§ **DIRECTIONS**
The records below hold pictures; please leave those out and retype the rest exactly.

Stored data
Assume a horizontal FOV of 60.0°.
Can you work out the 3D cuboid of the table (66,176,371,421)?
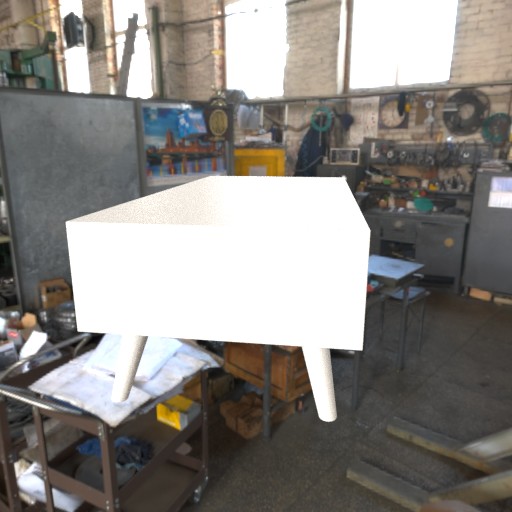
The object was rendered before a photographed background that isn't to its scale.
[{"bbox_3d":[0.000,0.000,1.489,0.609,0.432,1.194,2,15,8],"label":"table"}]
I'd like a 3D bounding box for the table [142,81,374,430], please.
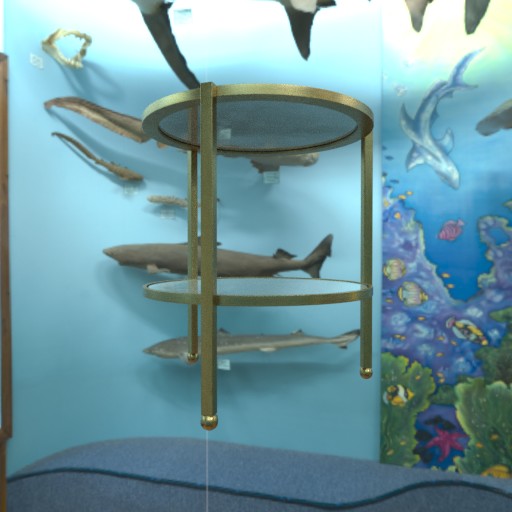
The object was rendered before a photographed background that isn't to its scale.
[{"bbox_3d":[0.000,0.000,0.453,0.231,0.269,0.243,0,1,19],"label":"table"}]
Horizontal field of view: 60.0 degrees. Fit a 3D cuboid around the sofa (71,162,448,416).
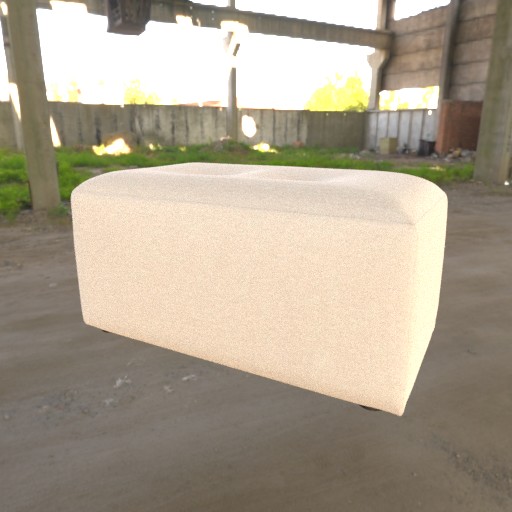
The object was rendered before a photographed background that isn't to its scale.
[{"bbox_3d":[0.000,0.000,1.236,0.930,0.470,0.480,9,18,27],"label":"sofa"}]
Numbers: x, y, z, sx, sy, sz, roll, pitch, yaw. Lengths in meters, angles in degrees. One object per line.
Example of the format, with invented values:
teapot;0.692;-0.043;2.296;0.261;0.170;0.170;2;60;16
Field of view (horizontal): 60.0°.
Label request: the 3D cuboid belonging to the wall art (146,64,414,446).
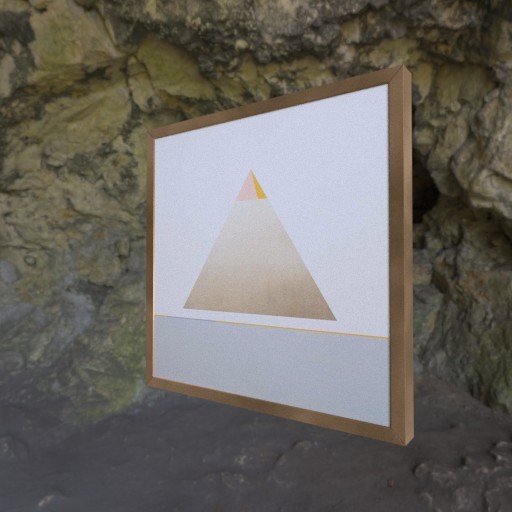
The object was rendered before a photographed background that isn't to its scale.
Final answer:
wall art;0.000;0.000;0.756;0.513;0.511;0.038;-1;-1;35
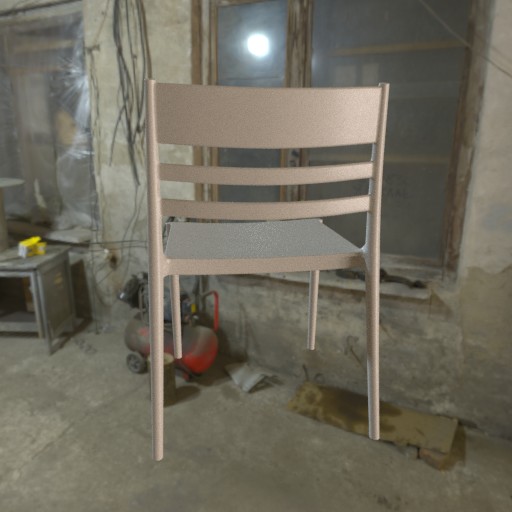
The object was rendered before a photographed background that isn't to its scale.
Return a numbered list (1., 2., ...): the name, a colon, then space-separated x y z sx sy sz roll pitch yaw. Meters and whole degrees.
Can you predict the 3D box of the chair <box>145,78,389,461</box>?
1. chair: 0.000 0.000 1.144 0.531 0.800 0.511 -2 15 -8
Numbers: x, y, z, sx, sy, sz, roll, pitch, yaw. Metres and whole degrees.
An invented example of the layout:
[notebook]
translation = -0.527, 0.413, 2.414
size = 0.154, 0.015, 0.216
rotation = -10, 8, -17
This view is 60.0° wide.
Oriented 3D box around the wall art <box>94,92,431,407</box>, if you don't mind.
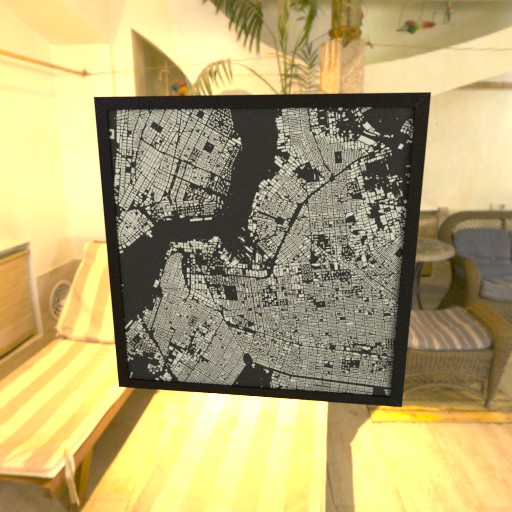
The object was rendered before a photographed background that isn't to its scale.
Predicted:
[wall art]
translation = 0.000, 0.000, 0.741
size = 0.506, 0.506, 0.038
rotation = 2, 15, 7
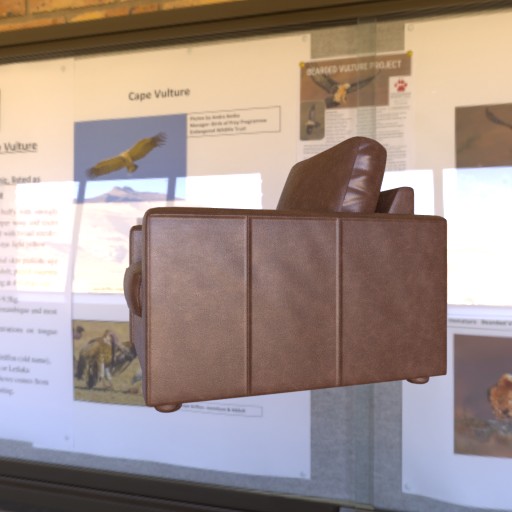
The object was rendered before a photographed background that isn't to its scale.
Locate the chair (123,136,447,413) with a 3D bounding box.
[{"bbox_3d":[0.000,0.000,1.779,1.016,0.873,1.005,0,0,-18],"label":"chair"}]
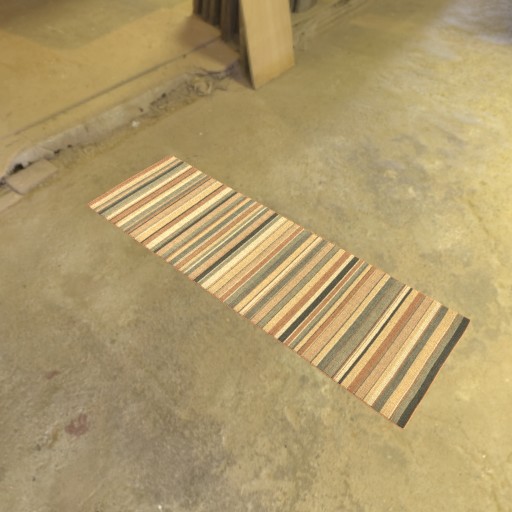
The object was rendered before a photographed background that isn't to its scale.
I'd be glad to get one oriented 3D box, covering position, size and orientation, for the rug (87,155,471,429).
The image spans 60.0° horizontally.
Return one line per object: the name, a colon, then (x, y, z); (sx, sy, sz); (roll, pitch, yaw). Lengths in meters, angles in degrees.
rug: (0.000, 0.000, 2.771); (2.444, 0.010, 0.799); (32, 55, 26)
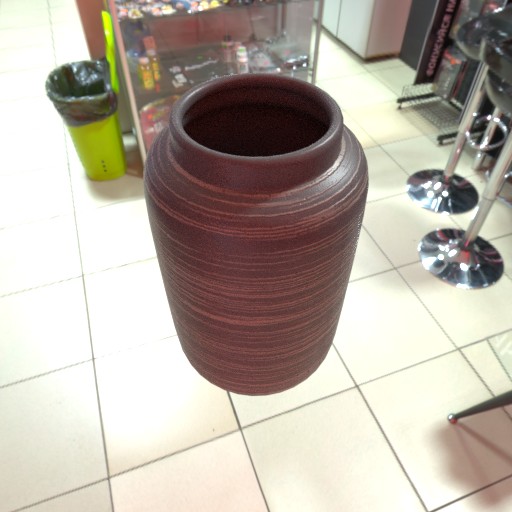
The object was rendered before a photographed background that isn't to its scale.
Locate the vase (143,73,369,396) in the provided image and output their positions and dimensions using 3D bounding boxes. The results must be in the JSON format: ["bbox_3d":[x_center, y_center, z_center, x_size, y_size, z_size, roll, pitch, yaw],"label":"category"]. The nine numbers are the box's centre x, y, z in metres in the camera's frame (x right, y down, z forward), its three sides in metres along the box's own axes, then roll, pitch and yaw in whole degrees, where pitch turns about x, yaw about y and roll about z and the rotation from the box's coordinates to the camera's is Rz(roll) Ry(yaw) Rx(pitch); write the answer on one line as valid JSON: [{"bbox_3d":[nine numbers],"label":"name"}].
[{"bbox_3d":[0.000,0.000,0.698,0.297,0.499,0.297,0,47,0],"label":"vase"}]
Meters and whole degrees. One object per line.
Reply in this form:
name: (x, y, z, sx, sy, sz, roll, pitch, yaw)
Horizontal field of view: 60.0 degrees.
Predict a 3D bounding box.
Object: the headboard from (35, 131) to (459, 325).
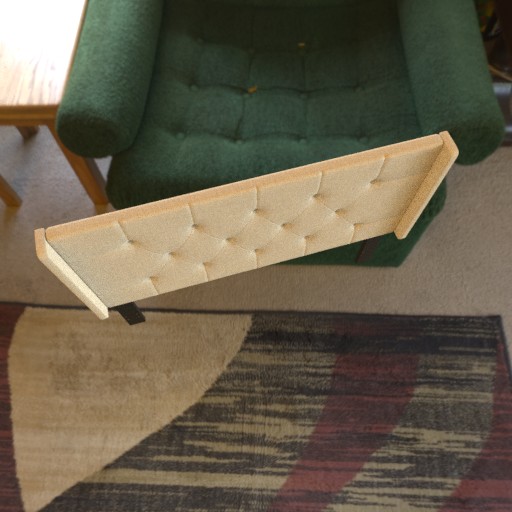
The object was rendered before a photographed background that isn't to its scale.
headboard: (0.000, 0.000, 2.782, 2.051, 1.524, 0.184, -15, 65, -7)
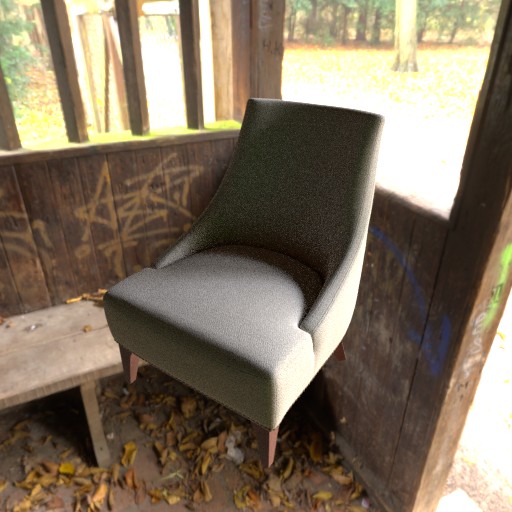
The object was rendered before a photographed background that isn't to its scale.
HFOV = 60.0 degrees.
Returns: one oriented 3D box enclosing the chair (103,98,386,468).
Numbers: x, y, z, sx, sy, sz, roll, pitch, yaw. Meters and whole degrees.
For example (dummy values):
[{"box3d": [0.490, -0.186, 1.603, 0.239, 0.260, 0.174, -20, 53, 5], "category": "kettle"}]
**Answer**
[{"box3d": [0.000, 0.000, 1.549, 0.701, 0.909, 0.861, 19, 34, 30], "category": "chair"}]
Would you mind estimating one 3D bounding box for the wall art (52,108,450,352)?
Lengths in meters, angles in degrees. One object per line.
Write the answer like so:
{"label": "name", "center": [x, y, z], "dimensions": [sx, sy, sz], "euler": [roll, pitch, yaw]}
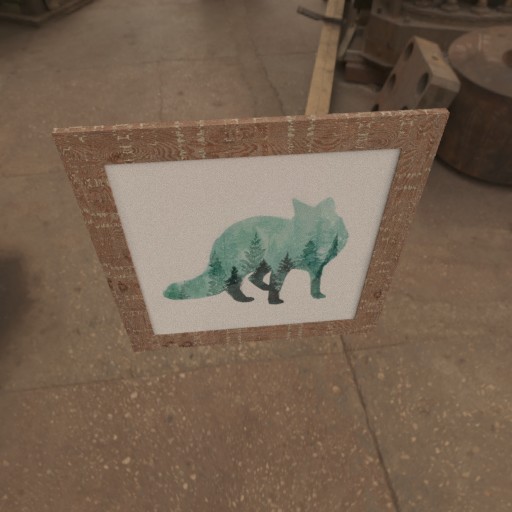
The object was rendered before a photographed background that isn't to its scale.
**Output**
{"label": "wall art", "center": [0.000, 0.000, 0.569], "dimensions": [0.384, 0.384, 0.012], "euler": [-4, 47, -4]}
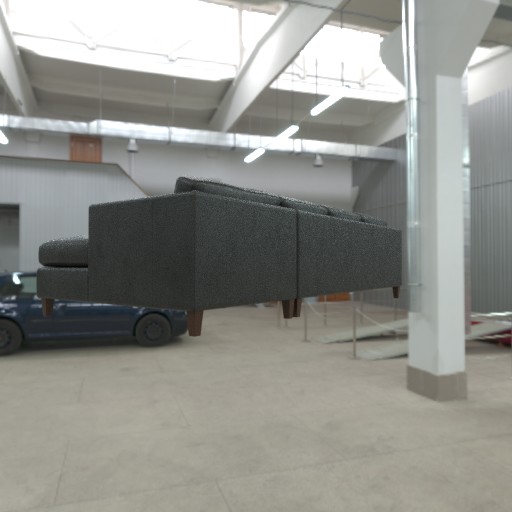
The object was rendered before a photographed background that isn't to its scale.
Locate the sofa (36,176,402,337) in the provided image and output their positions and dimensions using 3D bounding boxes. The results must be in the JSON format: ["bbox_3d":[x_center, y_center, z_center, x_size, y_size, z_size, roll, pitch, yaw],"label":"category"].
[{"bbox_3d":[0.000,0.000,3.983,1.581,0.883,3.203,-1,-1,36],"label":"sofa"}]
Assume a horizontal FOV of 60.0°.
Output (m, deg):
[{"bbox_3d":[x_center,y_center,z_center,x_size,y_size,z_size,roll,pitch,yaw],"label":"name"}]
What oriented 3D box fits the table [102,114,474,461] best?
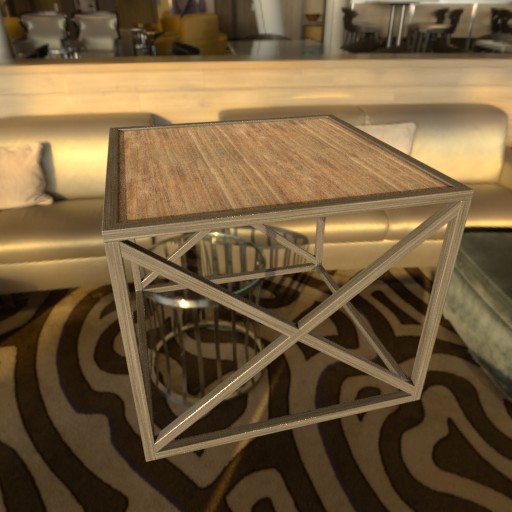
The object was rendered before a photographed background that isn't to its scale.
[{"bbox_3d":[0.000,0.000,1.070,0.611,0.507,0.609,-8,31,-13],"label":"table"}]
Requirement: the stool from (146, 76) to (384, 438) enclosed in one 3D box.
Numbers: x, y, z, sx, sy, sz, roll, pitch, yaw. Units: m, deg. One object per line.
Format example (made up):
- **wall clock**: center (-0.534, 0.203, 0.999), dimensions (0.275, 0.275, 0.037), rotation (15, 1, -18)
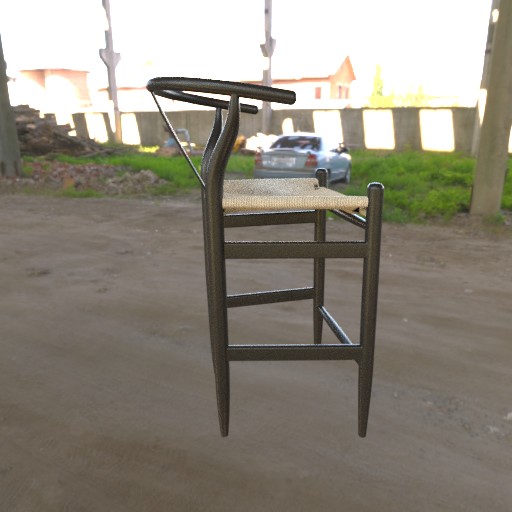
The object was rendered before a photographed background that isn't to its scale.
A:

§ **OUTPUT OF THE EXERCISE**
Assume a horizontal FOV of 60.0°.
Can you work out the 3D cuboid of the table (66,176,371,421)?
The object was rendered before a photographed background that isn't to its scale.
[{"bbox_3d":[0.000,0.000,1.489,0.609,0.432,1.194,2,15,8],"label":"table"}]
I'd like a 3D bounding box for the table [142,81,374,430], please.
The object was rendered before a photographed background that isn't to its scale.
[{"bbox_3d":[0.000,0.000,0.453,0.231,0.269,0.243,0,1,19],"label":"table"}]
Horizontal field of view: 60.0 degrees. Fit a 3D cuboid around the sofa (71,162,448,416).
The object was rendered before a photographed background that isn't to its scale.
[{"bbox_3d":[0.000,0.000,1.236,0.930,0.470,0.480,9,18,27],"label":"sofa"}]
Numbers: x, y, z, sx, sy, sz, roll, pitch, yaw. Lengths in meters, angles in degrees. One object per line.
Example of the format, with invented values:
teapot;0.692;-0.043;2.296;0.261;0.170;0.170;2;60;16
Field of view (horizontal): 60.0°.
Label request: the 3D cuboid belonging to the wall art (146,64,414,446).
The object was rendered before a photographed background that isn't to its scale.
Final answer:
wall art;0.000;0.000;0.756;0.513;0.511;0.038;-1;-1;35
The object was rendered before a photographed background that isn't to its scale.
Return a numbered list (1., 2., ...): the name, a colon, then space-separated x y z sx sy sz roll pitch yaw. Meters and whole degrees.
Can you predict the 3D box of the chair <box>145,78,389,461</box>?
1. chair: 0.000 0.000 1.144 0.531 0.800 0.511 -2 15 -8
Numbers: x, y, z, sx, sy, sz, roll, pitch, yaw. Metres and whole degrees.
An invented example of the layout:
[notebook]
translation = -0.527, 0.413, 2.414
size = 0.154, 0.015, 0.216
rotation = -10, 8, -17
This view is 60.0° wide.
Oriented 3D box around the wall art <box>94,92,431,407</box>, if you don't mind.
The object was rendered before a photographed background that isn't to its scale.
Predicted:
[wall art]
translation = 0.000, 0.000, 0.741
size = 0.506, 0.506, 0.038
rotation = 2, 15, 7
The object was rendered before a photographed background that isn't to its scale.
Locate the chair (123,136,447,413) with a 3D bounding box.
[{"bbox_3d":[0.000,0.000,1.779,1.016,0.873,1.005,0,0,-18],"label":"chair"}]
The object was rendered before a photographed background that isn't to its scale.
I'd be glad to get one oriented 3D box, covering position, size and orientation, for the rug (87,155,471,429).
The image spans 60.0° horizontally.
Return one line per object: the name, a colon, then (x, y, z); (sx, sy, sz); (roll, pitch, yaw). Lengths in meters, angles in degrees.
rug: (0.000, 0.000, 2.771); (2.444, 0.010, 0.799); (32, 55, 26)
The object was rendered before a photographed background that isn't to its scale.
Locate the vase (143,73,369,396) in the provided image and output their positions and dimensions using 3D bounding boxes. The results must be in the JSON format: ["bbox_3d":[x_center, y_center, z_center, x_size, y_size, z_size, roll, pitch, yaw],"label":"category"]. The nine numbers are the box's centre x, y, z in metres in the camera's frame (x right, y down, z forward), its three sides in metres along the box's own axes, then roll, pitch and yaw in whole degrees, where pitch turns about x, yaw about y and roll about z and the rotation from the box's coordinates to the camera's is Rz(roll) Ry(yaw) Rx(pitch); write the answer on one line as valid JSON: [{"bbox_3d":[nine numbers],"label":"name"}].
[{"bbox_3d":[0.000,0.000,0.698,0.297,0.499,0.297,0,47,0],"label":"vase"}]
Meters and whole degrees. One object per line.
Reply in this form:
name: (x, y, z, sx, sy, sz, roll, pitch, yaw)
Horizontal field of view: 60.0 degrees.
Predict a 3D bounding box.
Object: the headboard from (35, 131) to (459, 325).
The object was rendered before a photographed background that isn't to its scale.
headboard: (0.000, 0.000, 2.782, 2.051, 1.524, 0.184, -15, 65, -7)
The object was rendered before a photographed background that isn't to its scale.
HFOV = 60.0 degrees.
Returns: one oriented 3D box enclosing the chair (103,98,386,468).
Numbers: x, y, z, sx, sy, sz, roll, pitch, yaw. Meters and whole degrees.
For example (dummy values):
[{"box3d": [0.490, -0.186, 1.603, 0.239, 0.260, 0.174, -20, 53, 5], "category": "kettle"}]
**Answer**
[{"box3d": [0.000, 0.000, 1.549, 0.701, 0.909, 0.861, 19, 34, 30], "category": "chair"}]
Would you mind estimating one 3D bounding box for the wall art (52,108,450,352)?
Lengths in meters, angles in degrees. One object per line.
Write the answer like so:
{"label": "name", "center": [x, y, z], "dimensions": [sx, sy, sz], "euler": [roll, pitch, yaw]}
The object was rendered before a photographed background that isn't to its scale.
**Output**
{"label": "wall art", "center": [0.000, 0.000, 0.569], "dimensions": [0.384, 0.384, 0.012], "euler": [-4, 47, -4]}
The object was rendered before a photographed background that isn't to its scale.
Locate the sofa (36,176,402,337) in the provided image and output their positions and dimensions using 3D bounding boxes. The results must be in the JSON format: ["bbox_3d":[x_center, y_center, z_center, x_size, y_size, z_size, roll, pitch, yaw],"label":"category"].
[{"bbox_3d":[0.000,0.000,3.983,1.581,0.883,3.203,-1,-1,36],"label":"sofa"}]
Assume a horizontal FOV of 60.0°.
Output (m, deg):
[{"bbox_3d":[x_center,y_center,z_center,x_size,y_size,z_size,roll,pitch,yaw],"label":"name"}]
What oriented 3D box fits the table [102,114,474,461] best?
The object was rendered before a photographed background that isn't to its scale.
[{"bbox_3d":[0.000,0.000,1.070,0.611,0.507,0.609,-8,31,-13],"label":"table"}]
Requirement: the stool from (146, 76) to (384, 438) enclosed in one 3D box.
Numbers: x, y, z, sx, sy, sz, roll, pitch, yaw. Units: m, deg. One object per line.
Format example (made up):
- **wall clock**: center (-0.534, 0.203, 0.999), dimensions (0.275, 0.275, 0.037), rotation (15, 1, -18)
The object was rendered before a photographed background that isn't to its scale.
A:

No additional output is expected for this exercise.